■ **TASK GOAL**: From the entries below, copy every line that has the word "figures".

■ **Data extracted from a collection**:
______________________________
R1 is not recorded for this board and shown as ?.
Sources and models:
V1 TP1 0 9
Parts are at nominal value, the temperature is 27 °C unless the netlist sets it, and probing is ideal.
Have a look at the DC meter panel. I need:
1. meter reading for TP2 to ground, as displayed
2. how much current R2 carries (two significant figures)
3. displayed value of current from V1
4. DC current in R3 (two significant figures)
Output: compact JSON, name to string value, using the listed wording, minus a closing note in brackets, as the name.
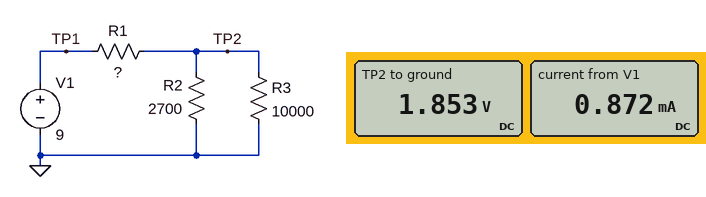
______________________________
■ **ANSWER SPACE**:
2. how much current R2 carries (two significant figures)
4. DC current in R3 (two significant figures)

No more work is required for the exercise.